In the other word, users should provide the computation and the framework should schedule and call their computation and handles the error correctly with proper logs. If computation encounter an error and cannot proceed, it just needs to return error and let the framework resolve the error.

For example, the computation might be allowed to fail and not necessary cause to exit the whole process. By moving this configuration from user's computation to the framework, they get the support easily. However, the log.Fatalf breaks this flexibility because it calls the os.Exit system call directly and the framework doesn't have any mechanism to restore it like the panic.

For framework, it means computations could skip the framework and exit the whole process directly, and leave the framework maintainers great trouble for error checking. Because the framework control the main function, we won't want the users computation has the ability shutdown the whole process directly. The case deteriorates when the log fails to write into a writer, as the real case below I mentioned.

In short, the framework author should think the log.Fatalf(and any function calls os.Exit) is bad and suggest users don't use it.

The Appearance of Deployment Failure¶

One of our framework users reported his service keeps restarting and finally failed to deploy due to the timeout. As a result, I was involved to help check. After applying the permission of live service, I found nothing useful log:( The error logs from our framework disappeared and what I knew is the exit code 1.

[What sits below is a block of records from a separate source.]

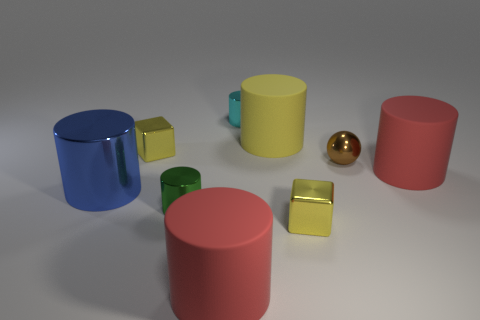Subtract all cylinders. How many objects are left? 3 Subtract all blue cylinders. How many cylinders are left? 5 Add 7 green shiny things. How many green shiny things are left? 8 Add 6 brown shiny objects. How many brown shiny objects exist? 7 Subtract all cyan metallic cylinders. How many cylinders are left? 5 Subtract 0 gray cylinders. How many objects are left? 9 Subtract 5 cylinders. How many cylinders are left? 1 Subtract all green spheres. Subtract all blue cubes. How many spheres are left? 1 Subtract all green balls. How many blue cubes are left? 0 Subtract all big purple metallic balls. Subtract all yellow rubber cylinders. How many objects are left? 8 
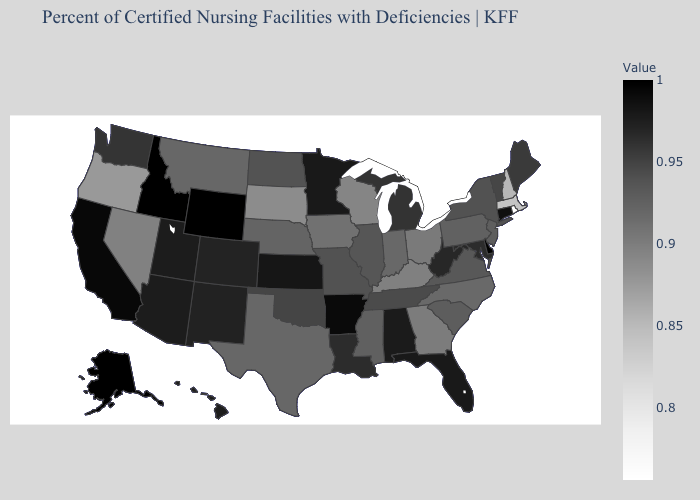Which states hav the highest value in the South?
Keep it brief. Delaware. Which states have the highest value in the USA?
Answer briefly. Alaska, Delaware, Idaho, Wyoming. Does Rhode Island have the lowest value in the USA?
Keep it brief. Yes. Is the legend a continuous bar?
Short answer required. Yes. Which states have the lowest value in the USA?
Quick response, please. Rhode Island. Which states have the highest value in the USA?
Give a very brief answer. Alaska, Delaware, Idaho, Wyoming. Is the legend a continuous bar?
Short answer required. Yes. Does California have a lower value than Indiana?
Be succinct. No. 
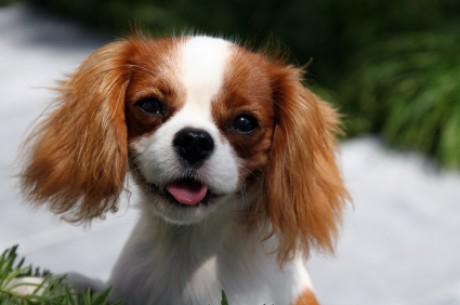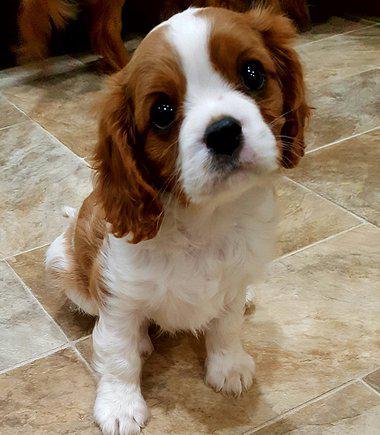The first image is the image on the left, the second image is the image on the right. Analyze the images presented: Is the assertion "There is exactly one dog with black and white fur." valid? Answer yes or no. No. The first image is the image on the left, the second image is the image on the right. Examine the images to the left and right. Is the description "Pinkish flowers are in the background behind at least one dog that is sitting upright." accurate? Answer yes or no. No.

What's worse, it's a live exclusive issue. The test environment doesn't have it at all. Even the liverish environment couldn't reproduce this error. Usually, due to the isolation of live and test, configuration might cause this issue. However, that's too business specific logic and unluckily I knew nothing about it of course.

Trouble Shooting: How I finally Solve the Issue¶

Check Log and Exit Code, but Hints Aren't Enough¶

Because our framework will always log during exiting, it was unlikely the process exits through our framework normally. Then, I suspected users called system call such as log.Fatalf directly inside their codebase, and I did find some of log.Fatalf call for them.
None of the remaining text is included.